Par Jean-François Marquis
L’initiative de l’Union démocratique du centre (UDC) «Pas de Suisse à 10 millions» sera soumise au vote le 14 juin prochain. Pour economiesuisse, qui organise les campagnes politiques du patronat, c’est l’«initiative du chaos [qui constitue] une menace pour la prospérité et la stabilité de la Suisse» [1]. L’initiative de l’UDC «est la plus grande attaque contre la prospérité de la Suisse», abonde Cédric Wermuth, co-président du Parti socialiste suisse (PSS)[2]. «Cette initiative extrême met en péril le bon fonctionnement de la Suisse», elle «menace la prospérité et la sécurité de la Suisse», confirme l’Union syndicale suisse (USS)[3], reprenant mot pour mot la formule d’economiesuisse. A moins que cela ne soit le contraire.
Une fois de plus, un affrontement est donc mis en scène opposant un parti, l’UDC, et ses propositions «extrêmes», et les défenseurs unis de la «prospérité de la Suisse», qui sont aussi prêts à «aborder de manière constructive les défis réels posés par l’immigration» (economiesuisse).

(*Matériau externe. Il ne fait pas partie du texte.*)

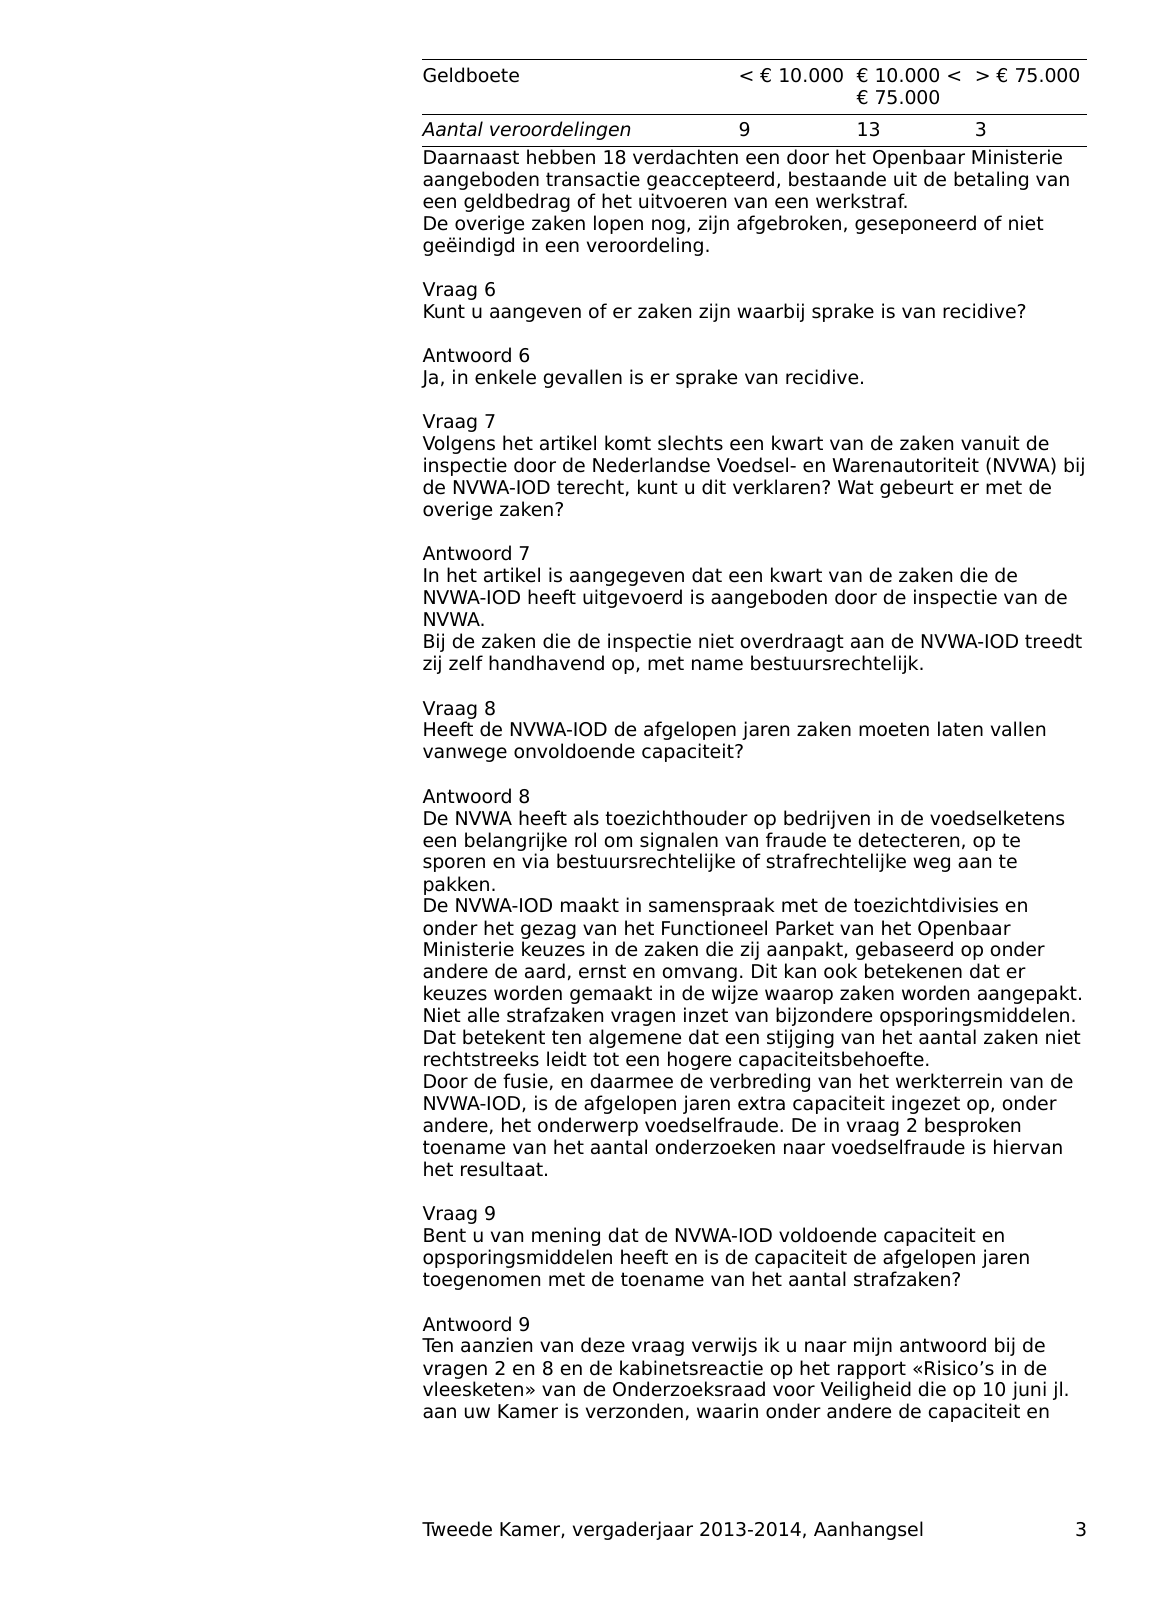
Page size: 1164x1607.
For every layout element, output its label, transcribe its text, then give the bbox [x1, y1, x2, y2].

Cette configuration est un cadeau pour l’UDC : son alliance de la hallebarde (le culte d’une Suisse mythique qui n’a jamais existé) et du mouton noir (la diffusion inlassable du venin xénophobe et raciste), qui capture sa base populaire et électorale, apparaît bien comme une recette unique, qui s’oppose à la politique officielle (ce qui est faux : UDC, partis de droite et patronat toutes tendances confondues sont d’accord neuf fois sur dix). C’est aussi un très mauvais service rendu aux salarié·e·s, car cela revient à dissimuler le fait que la «prospérité» vantée par economiesuisse, comme par la direction du Parti socialiste, est une prospérité patronale, basée à la fois sur la discrimination systématique des immigré·e·s et sur une politique anti-sociale et de mise sous pression de tous les salarié·e·s, indépendamment de la couleur de leur passeport.

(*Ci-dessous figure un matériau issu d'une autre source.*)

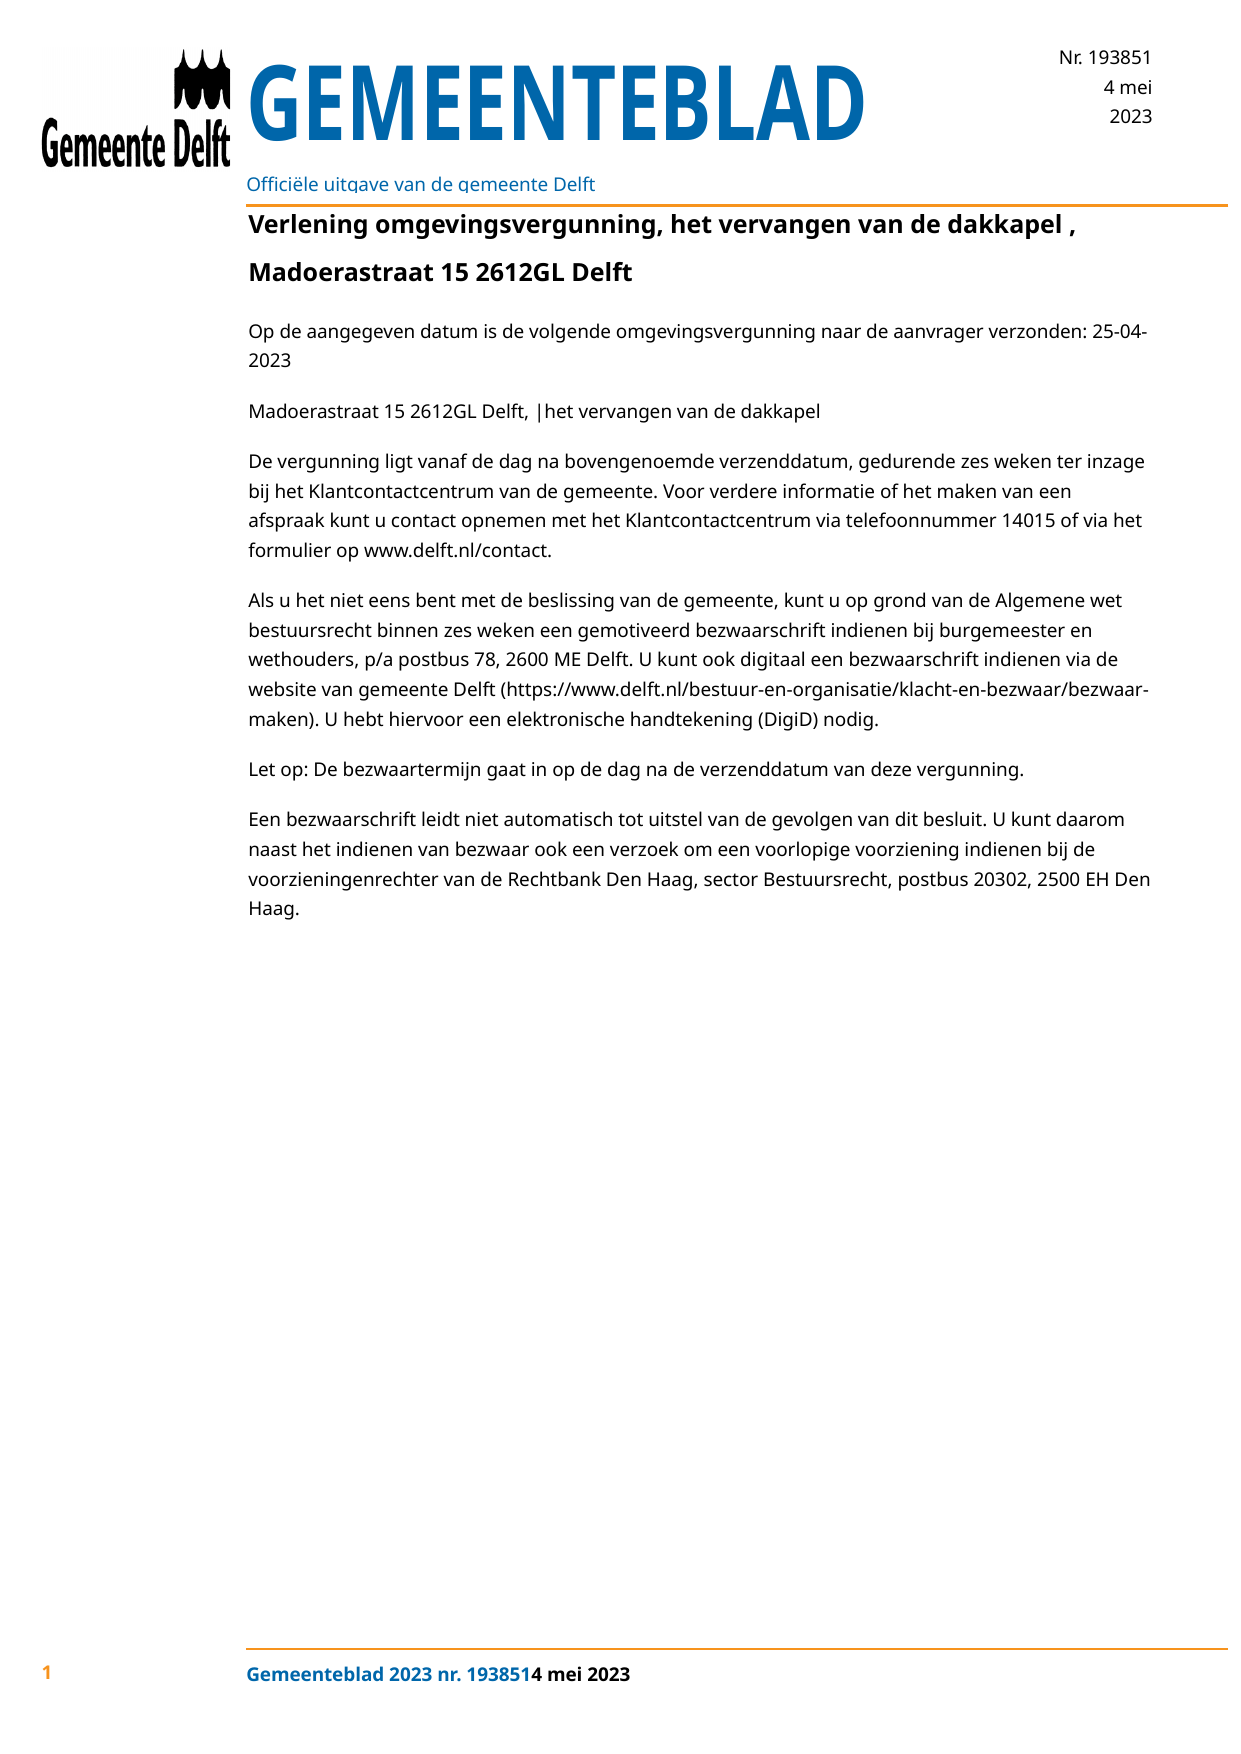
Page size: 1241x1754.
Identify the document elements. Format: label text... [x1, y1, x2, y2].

text Madoerastraat 15 2612GL Delft, |het vervangen van de dakkapel [248, 398, 1152, 424]
text De vergunning ligt vanaf de dag na bovengenoemde verzenddatum, gedurende zes weken ter inzage bij het Klantcontactcentrum van de gemeente. Voor verdere informatie of het maken van een afspraak kunt u contact opnemen met het Klantcontactcentrum via telefoonnummer 14015 of via het formulier op www.delft.nl/contact. [248, 448, 1152, 563]
text Als u het niet eens bent met de beslissing van de gemeente, kunt u op grond van de Algemene wet bestuursrecht binnen zes weken een gemotiveerd bezwaarschrift indienen bij burgemeester en wethouders, p/a postbus 78, 2600 ME Delft. U kunt ook digitaal een bezwaarschrift indienen via de website van gemeente Delft (https://www.delft.nl/bestuur-en-organisatie/klacht-en-bezwaar/bezwaar-maken). U hebt hiervoor een elektronische handtekening (DigiD) nodig. [248, 587, 1152, 732]
picture [41, 47, 231, 172]
text Een bezwaarschrift leidt niet automatisch tot uitstel van de gevolgen van dit besluit. U kunt daarom naast het indienen van bezwaar ook een verzoek om een voorlopige voorziening indienen bij de voorzieningenrechter van de Rechtbank Den Haag, sector Bestuursrecht, postbus 20302, 2500 EH Den Haag. [248, 807, 1152, 921]
text Op de aangegeven datum is de volgende omgevingsvergunning naar de aanvrager verzonden: 25-04-2023 [248, 318, 1152, 373]
text Verlening omgevingsvergunning, het vervangen van de dakkapel , Madoerastraat 15 2612GL Delft [248, 207, 1152, 288]
text Let op: De bezwaartermijn gaat in op de dag na de verzenddatum van deze vergunning. [248, 756, 1152, 782]

C’est une autre approche, centrée sur la solidarité d’intérêts et de destins des personnes qui vivent et travaillent dans ce pays, qui est nécessaire pour combattre l’initiative xénophobe de l’UDC.
La migration, c’est la Suisse
Un premier constat devrait servir de point de départ. En 2024, 41% de la population de 15 ans et plus vivant en Suisse est issue de la migration. Cela signifie que plus de deux personnes sur cinq vivant dans ce pays ont immigré en Suisse (1re génération) ou sont nées en Suisse en ayant au moins un parent de nationalité étrangère (2e génération). Entre 2012 et 2024, la part de la population issue de la migration est passée de 35% à 41%. Presque un tiers de la 1regénération a acquis la nationalité suisse. Mais parmi la deuxième génération, ce sont sept personnes sur dix qui ont le passeport helvétique!

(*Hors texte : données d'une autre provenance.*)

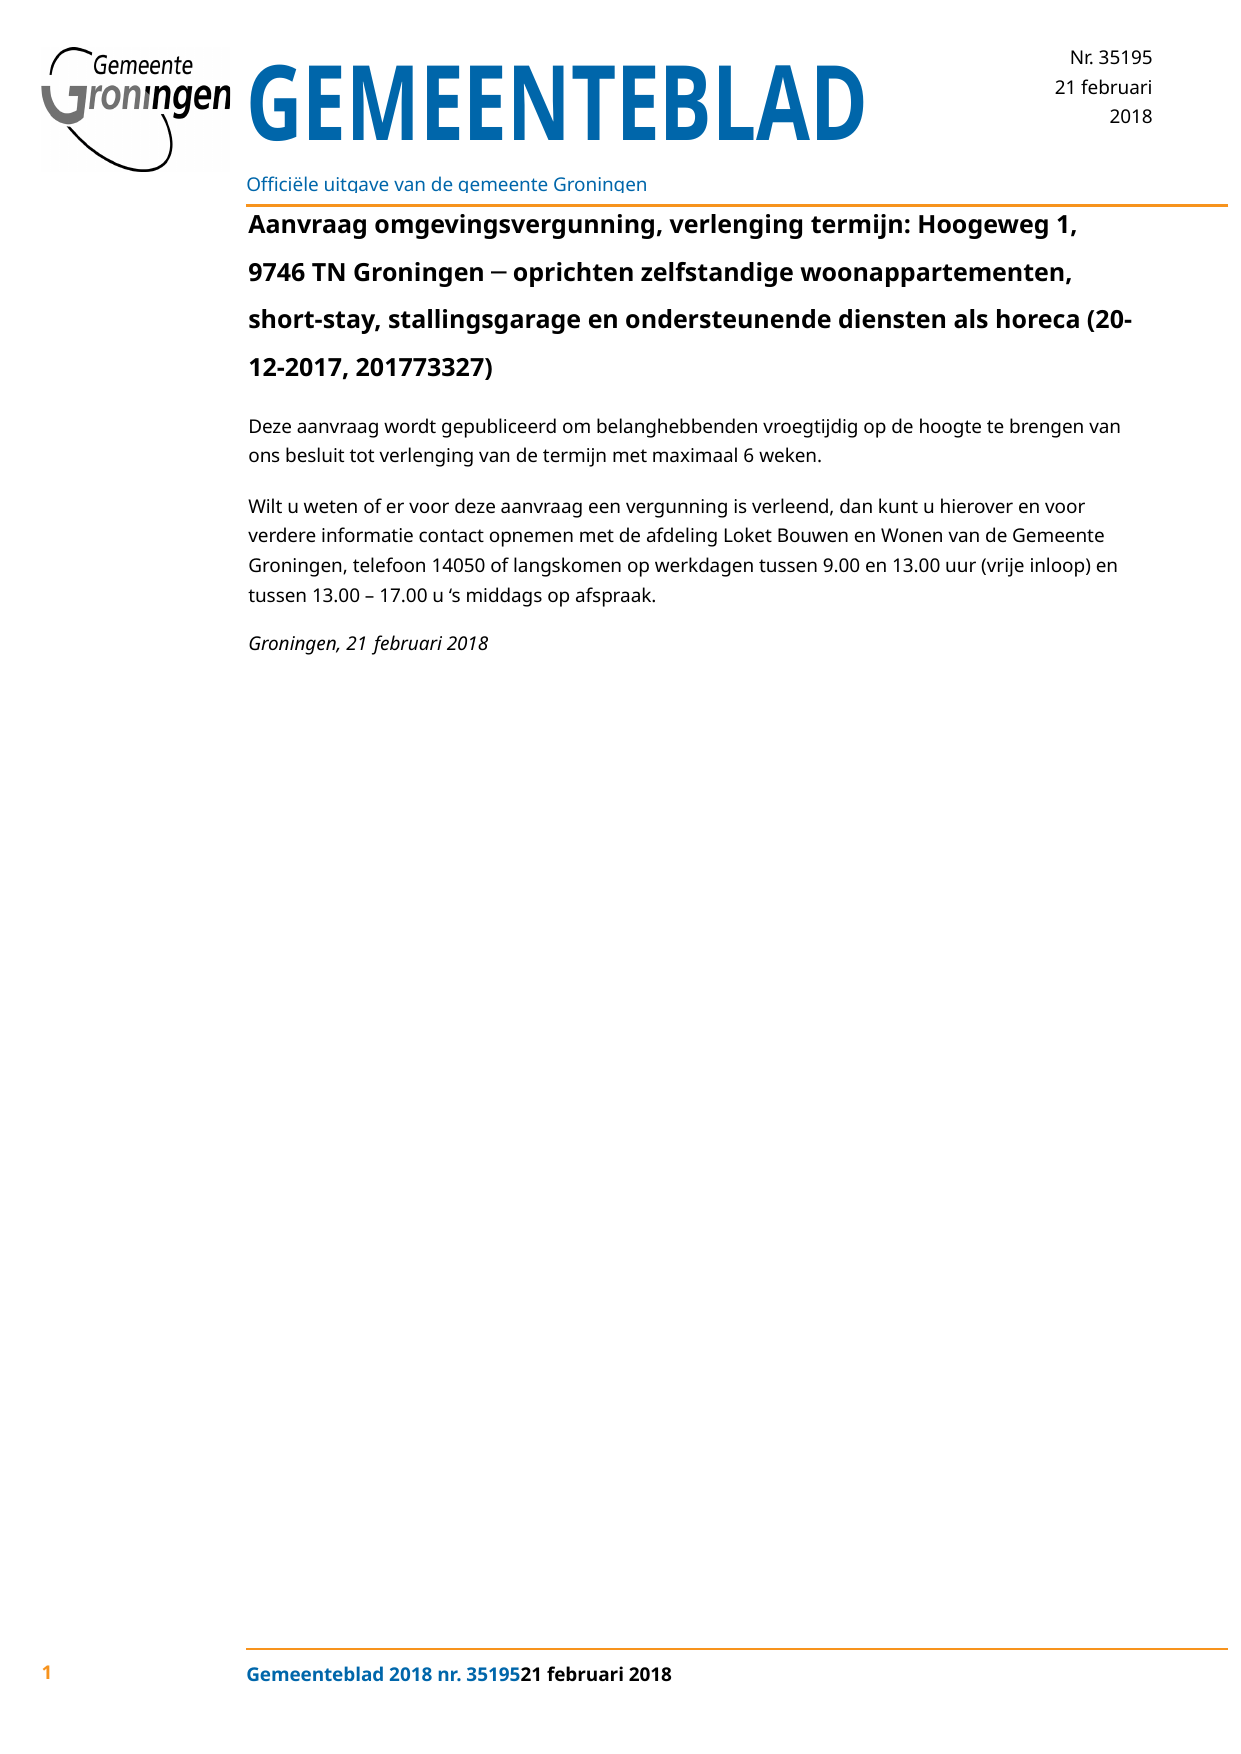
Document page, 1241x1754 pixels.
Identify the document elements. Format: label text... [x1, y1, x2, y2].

text Groningen, 21 februari 2018 [248, 630, 1152, 655]
text Aanvraag omgevingsvergunning, verlenging termijn: Hoogeweg 1, 9746 TN Groningen ─ oprichten zelfstandige woonappartementen, short-stay, stallingsgarage en ondersteunende diensten als horeca (20-12-2017, 201773327) [248, 207, 1152, 384]
picture [41, 47, 231, 172]
text Wilt u weten of er voor deze aanvraag een vergunning is verleend, dan kunt u hierover en voor verdere informatie contact opnemen met de afdeling Loket Bouwen en Wonen van de Gemeente Groningen, telefoon 14050 of langskomen op werkdagen tussen 9.00 en 13.00 uur (vrije inloop) en tussen 13.00 – 17.00 u ‘s middags op afspraak. [248, 493, 1152, 608]
text Deze aanvraag wordt gepubliceerd om belanghebbenden vroegtijdig op de hoogte te brengen van ons besluit tot verlenging van de termijn met maximaal 6 weken. [248, 413, 1152, 468]

Parmi les jeunes de moins de 15 ans, 28% n’avaient pas la nationalité suisse en 2024 [4]. Mais deux tiers d’entre eux sont néanmoins nés en Suisse. Dans une classe de vingt élèves, il y a donc en moyenne dix-huit enfants ayant grandi ensemble en Suisse dès leur naissance, quelle que soit la nationalité de leurs parents, deux autres qui les ont rejoints un peu plus tard, et tous ensemble, ils partagent enseignement, activités, jeux, amitiés et disputes.
Toujours en 2024, plus d’un tiers des mariages ont été célébrés entre une personne de nationalité suisse et une personne de nationalité étrangère. En 1970, c’était un sur six (16%). Parmi les mariages entre personnes de nationalité étrangère, presque la moitié (48%) d’entre eux unissaient en 2024 des personnes de nationalités différentes. En 1970, c’était un quart. En 1970, trois quarts des mariages se faisaient entre deux personnes de nationalité suisse. En 2024, c’est moins de la moitié (47%).
Encore toujours en 2024, 83% des personnes issues de la migration et âgées de 15 à 64 ans faisaient partie de la population active. Les personnes actives constituent l’offre de travail. C’est quasiment la même proportion que pour la population non issue de la migration (86%). Par leur travail, elles contribuent toutes ensemble, souvent côte à côte, à la production des richesses comme au financement des services publics et des assurances sociales.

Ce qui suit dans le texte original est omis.